(Stored records)
________

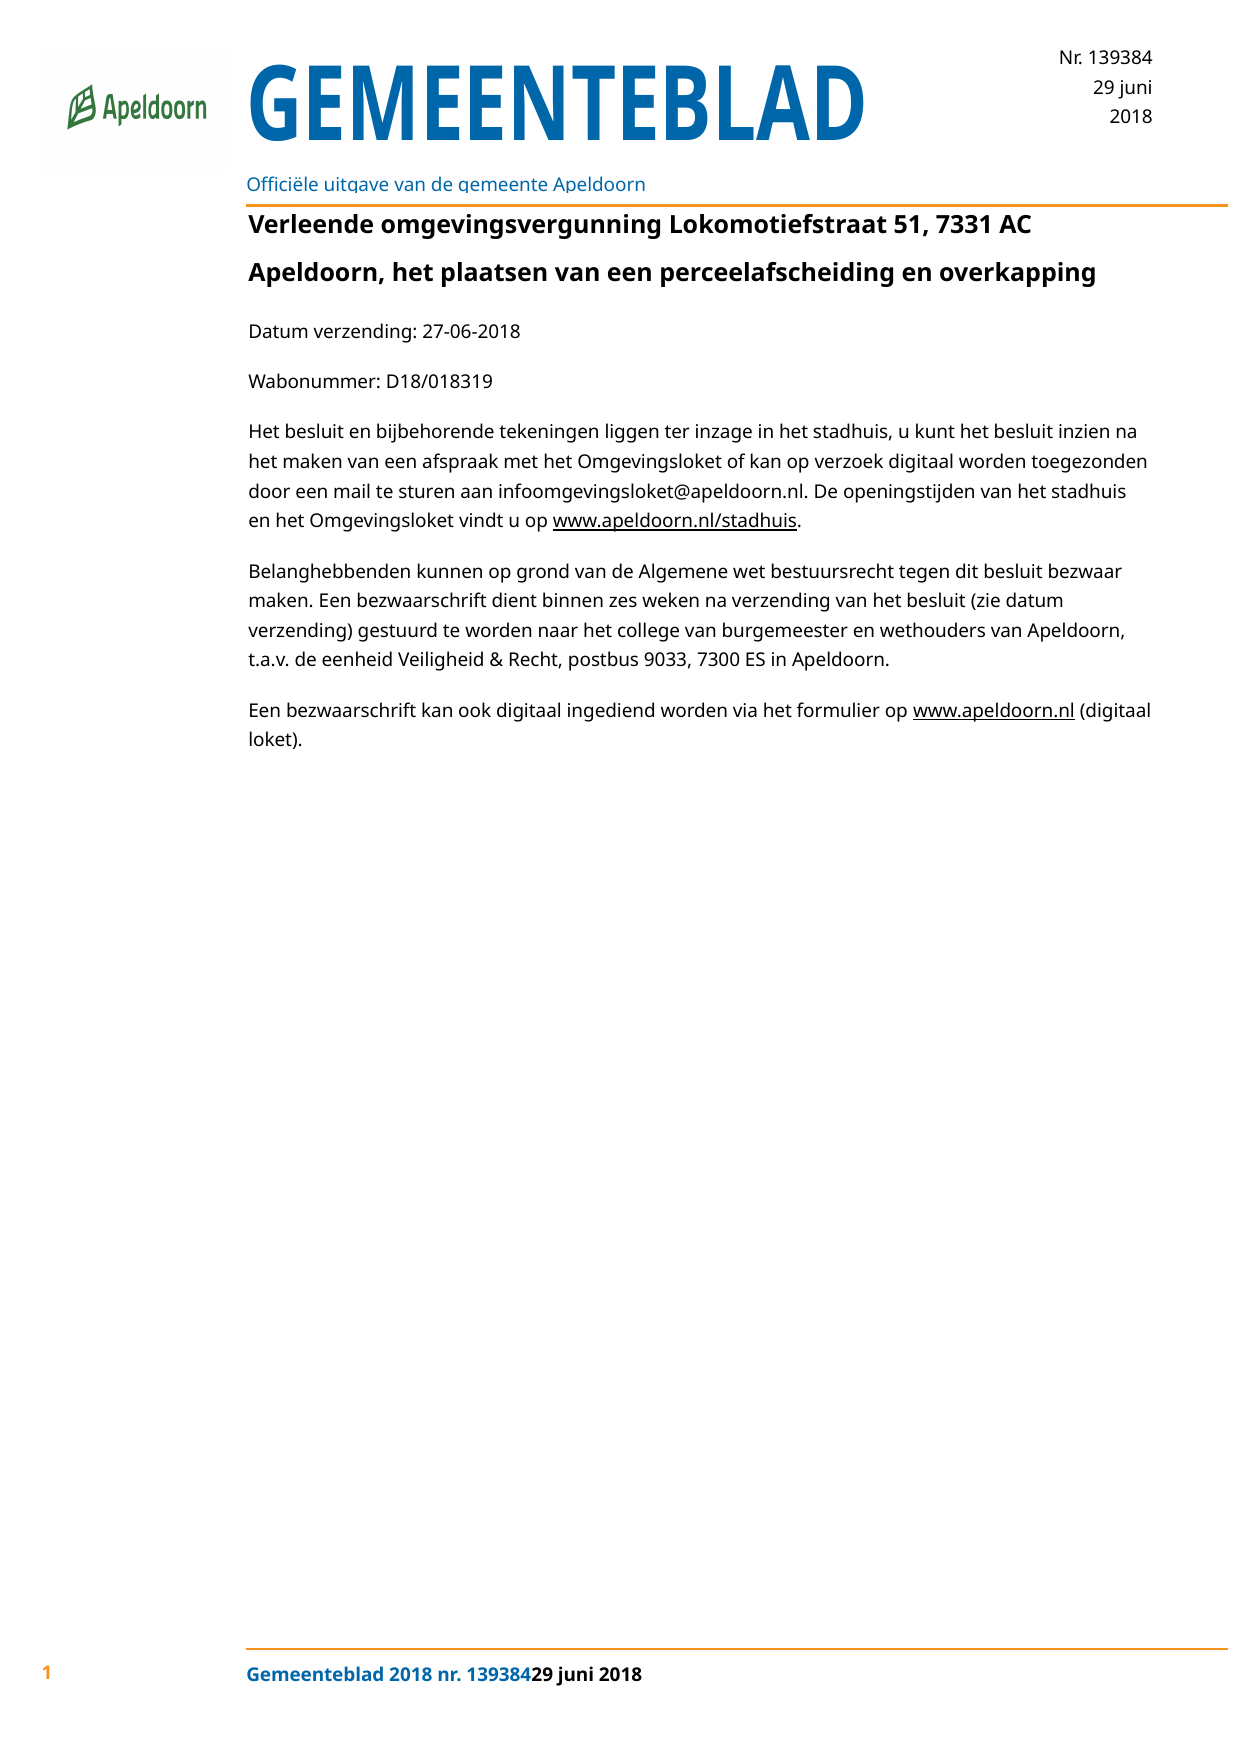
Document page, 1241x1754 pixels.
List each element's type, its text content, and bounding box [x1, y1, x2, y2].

text Belanghebbenden kunnen op grond van de Algemene wet bestuursrecht tegen dit besluit bezwaar maken. Een bezwaarschrift dient binnen zes weken na verzending van het besluit (zie datum verzending) gestuurd te worden naar het college van burgemeester en wethouders van Apeldoorn, t.a.v. de eenheid Veiligheid & Recht, postbus 9033, 7300 ES in Apeldoorn. [248, 558, 1152, 672]
text Wabonummer: D18/018319 [248, 368, 1152, 394]
text Een bezwaarschrift kan ook digitaal ingediend worden via het formulier op www.apeldoorn.nl (digitaal loket). [248, 697, 1152, 752]
text Verleende omgevingsvergunning Lokomotiefstraat 51, 7331 AC Apeldoorn, het plaatsen van een perceelafscheiding en overkapping [248, 207, 1152, 288]
text Het besluit en bijbehorende tekeningen liggen ter inzage in het stadhuis, u kunt het besluit inzien na het maken van een afspraak met het Omgevingsloket of kan op verzoek digitaal worden toegezonden door een mail te sturen aan infoomgevingsloket@apeldoorn.nl. De openingstijden van het stadhuis en het Omgevingsloket vindt u op www.apeldoorn.nl/stadhuis. [248, 419, 1152, 533]
text Datum verzending: 27-06-2018 [248, 318, 1152, 344]
picture [41, 47, 231, 172]
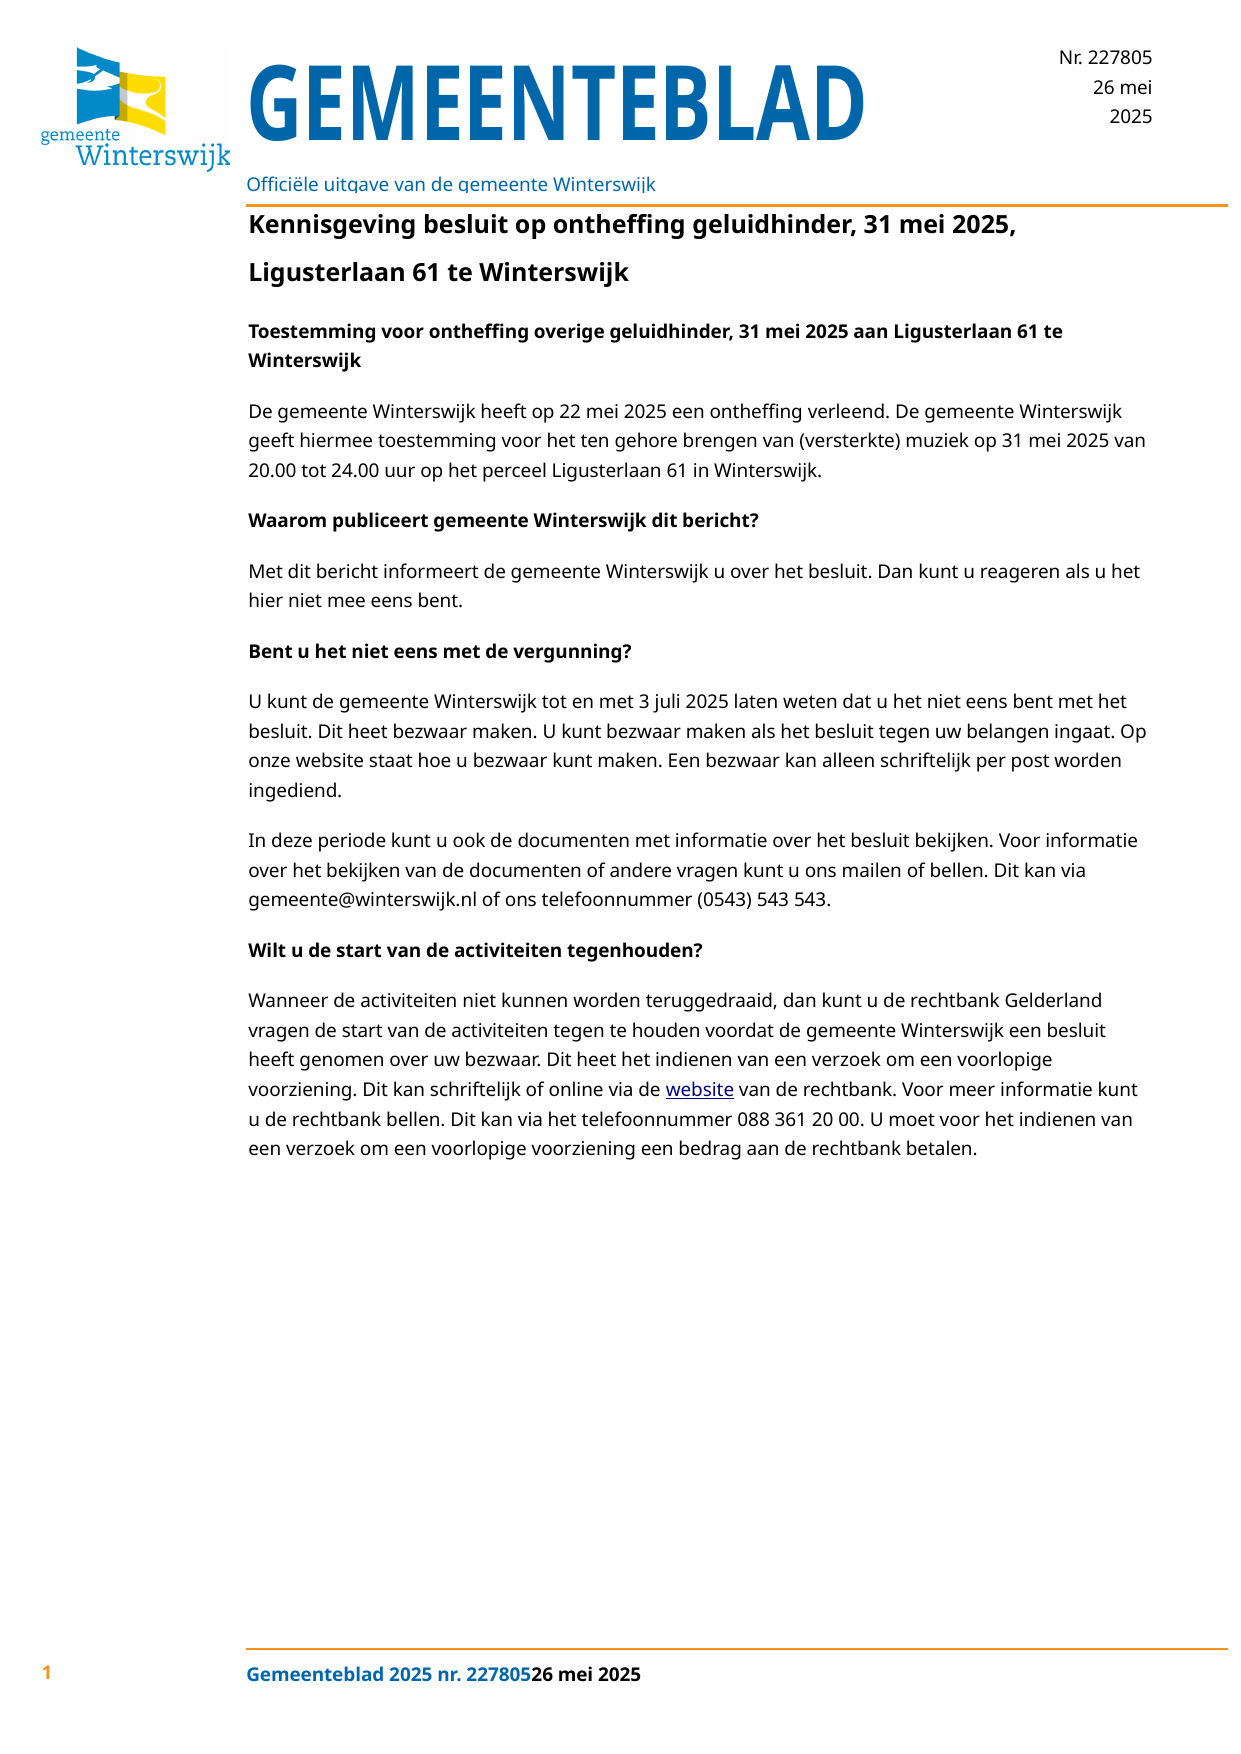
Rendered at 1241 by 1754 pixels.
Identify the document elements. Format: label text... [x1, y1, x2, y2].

text Wilt u de start van de activiteiten tegenhouden? [248, 937, 1152, 963]
text U kunt de gemeente Winterswijk tot en met 3 juli 2025 laten weten dat u het niet eens bent met het besluit. Dit heet bezwaar maken. U kunt bezwaar maken als het besluit tegen uw belangen ingaat. Op onze website staat hoe u bezwaar kunt maken. Een bezwaar kan alleen schriftelijk per post worden ingediend. [248, 688, 1152, 803]
picture [225, 153, 231, 162]
text Met dit bericht informeert de gemeente Winterswijk u over het besluit. Dan kunt u reageren als u het hier niet mee eens bent. [248, 558, 1152, 613]
picture [41, 47, 231, 172]
text Wanneer de activiteiten niet kunnen worden teruggedraaid, dan kunt u de rechtbank Gelderland vragen de start van de activiteiten tegen te houden voordat de gemeente Winterswijk een besluit heeft genomen over uw bezwaar. Dit heet het indienen van een verzoek om een voorlopige voorziening. Dit kan schriftelijk of online via de website van de rechtbank. Voor meer informatie kunt u de rechtbank bellen. Dit kan via het telefoonnummer 088 361 20 00. U moet voor het indienen van een verzoek om een voorlopige voorziening een bedrag aan de rechtbank betalen. [248, 987, 1152, 1161]
text Bent u het niet eens met de vergunning? [248, 638, 1152, 664]
text Kennisgeving besluit op ontheffing geluidhinder, 31 mei 2025, Ligusterlaan 61 te Winterswijk [248, 207, 1152, 288]
text In deze periode kunt u ook de documenten met informatie over het besluit bekijken. Voor informatie over het bekijken van de documenten of andere vragen kunt u ons mailen of bellen. Dit kan via gemeente@winterswijk.nl of ons telefoonnummer (0543) 543 543. [248, 827, 1152, 912]
text Waarom publiceert gemeente Winterswijk dit bericht? [248, 507, 1152, 533]
text De gemeente Winterswijk heeft op 22 mei 2025 een ontheffing verleend. De gemeente Winterswijk geeft hiermee toestemming voor het ten gehore brengen van (versterkte) muziek op 31 mei 2025 van 20.00 tot 24.00 uur op het perceel Ligusterlaan 61 in Winterswijk. [248, 398, 1152, 483]
text Toestemming voor ontheffing overige geluidhinder, 31 mei 2025 aan Ligusterlaan 61 te Winterswijk [248, 318, 1152, 373]

________

◆ **Problem statement**:
All of the data above should be printed again exactly, though none of the pictures belong in the copy.

◆ **Solution for this problem**:
Document page, 1241x1754 pixels.
List each element's type, its text content, and bounding box [x1, y1, x2, y2].

text Belanghebbenden kunnen op grond van de Algemene wet bestuursrecht tegen dit besluit bezwaar maken. Een bezwaarschrift dient binnen zes weken na verzending van het besluit (zie datum verzending) gestuurd te worden naar het college van burgemeester en wethouders van Apeldoorn, t.a.v. de eenheid Veiligheid & Recht, postbus 9033, 7300 ES in Apeldoorn. [248, 558, 1152, 672]
text Wabonummer: D18/018319 [248, 368, 1152, 394]
text Een bezwaarschrift kan ook digitaal ingediend worden via het formulier op www.apeldoorn.nl (digitaal loket). [248, 697, 1152, 752]
text Verleende omgevingsvergunning Lokomotiefstraat 51, 7331 AC Apeldoorn, het plaatsen van een perceelafscheiding en overkapping [248, 207, 1152, 288]
text Het besluit en bijbehorende tekeningen liggen ter inzage in het stadhuis, u kunt het besluit inzien na het maken van een afspraak met het Omgevingsloket of kan op verzoek digitaal worden toegezonden door een mail te sturen aan infoomgevingsloket@apeldoorn.nl. De openingstijden van het stadhuis en het Omgevingsloket vindt u op www.apeldoorn.nl/stadhuis. [248, 419, 1152, 533]
text Datum verzending: 27-06-2018 [248, 318, 1152, 344]
picture [41, 47, 231, 172]
Rendered at 1241 by 1754 pixels.
Identify the document elements. Format: label text... [x1, y1, x2, y2].

text Wilt u de start van de activiteiten tegenhouden? [248, 937, 1152, 963]
text U kunt de gemeente Winterswijk tot en met 3 juli 2025 laten weten dat u het niet eens bent met het besluit. Dit heet bezwaar maken. U kunt bezwaar maken als het besluit tegen uw belangen ingaat. Op onze website staat hoe u bezwaar kunt maken. Een bezwaar kan alleen schriftelijk per post worden ingediend. [248, 688, 1152, 803]
picture [225, 153, 231, 162]
text Met dit bericht informeert de gemeente Winterswijk u over het besluit. Dan kunt u reageren als u het hier niet mee eens bent. [248, 558, 1152, 613]
picture [41, 47, 231, 172]
text Wanneer de activiteiten niet kunnen worden teruggedraaid, dan kunt u de rechtbank Gelderland vragen de start van de activiteiten tegen te houden voordat de gemeente Winterswijk een besluit heeft genomen over uw bezwaar. Dit heet het indienen van een verzoek om een voorlopige voorziening. Dit kan schriftelijk of online via de website van de rechtbank. Voor meer informatie kunt u de rechtbank bellen. Dit kan via het telefoonnummer 088 361 20 00. U moet voor het indienen van een verzoek om een voorlopige voorziening een bedrag aan de rechtbank betalen. [248, 987, 1152, 1161]
text Bent u het niet eens met de vergunning? [248, 638, 1152, 664]
text Kennisgeving besluit op ontheffing geluidhinder, 31 mei 2025, Ligusterlaan 61 te Winterswijk [248, 207, 1152, 288]
text In deze periode kunt u ook de documenten met informatie over het besluit bekijken. Voor informatie over het bekijken van de documenten of andere vragen kunt u ons mailen of bellen. Dit kan via gemeente@winterswijk.nl of ons telefoonnummer (0543) 543 543. [248, 827, 1152, 912]
text Waarom publiceert gemeente Winterswijk dit bericht? [248, 507, 1152, 533]
text De gemeente Winterswijk heeft op 22 mei 2025 een ontheffing verleend. De gemeente Winterswijk geeft hiermee toestemming voor het ten gehore brengen van (versterkte) muziek op 31 mei 2025 van 20.00 tot 24.00 uur op het perceel Ligusterlaan 61 in Winterswijk. [248, 398, 1152, 483]
text Toestemming voor ontheffing overige geluidhinder, 31 mei 2025 aan Ligusterlaan 61 te Winterswijk [248, 318, 1152, 373]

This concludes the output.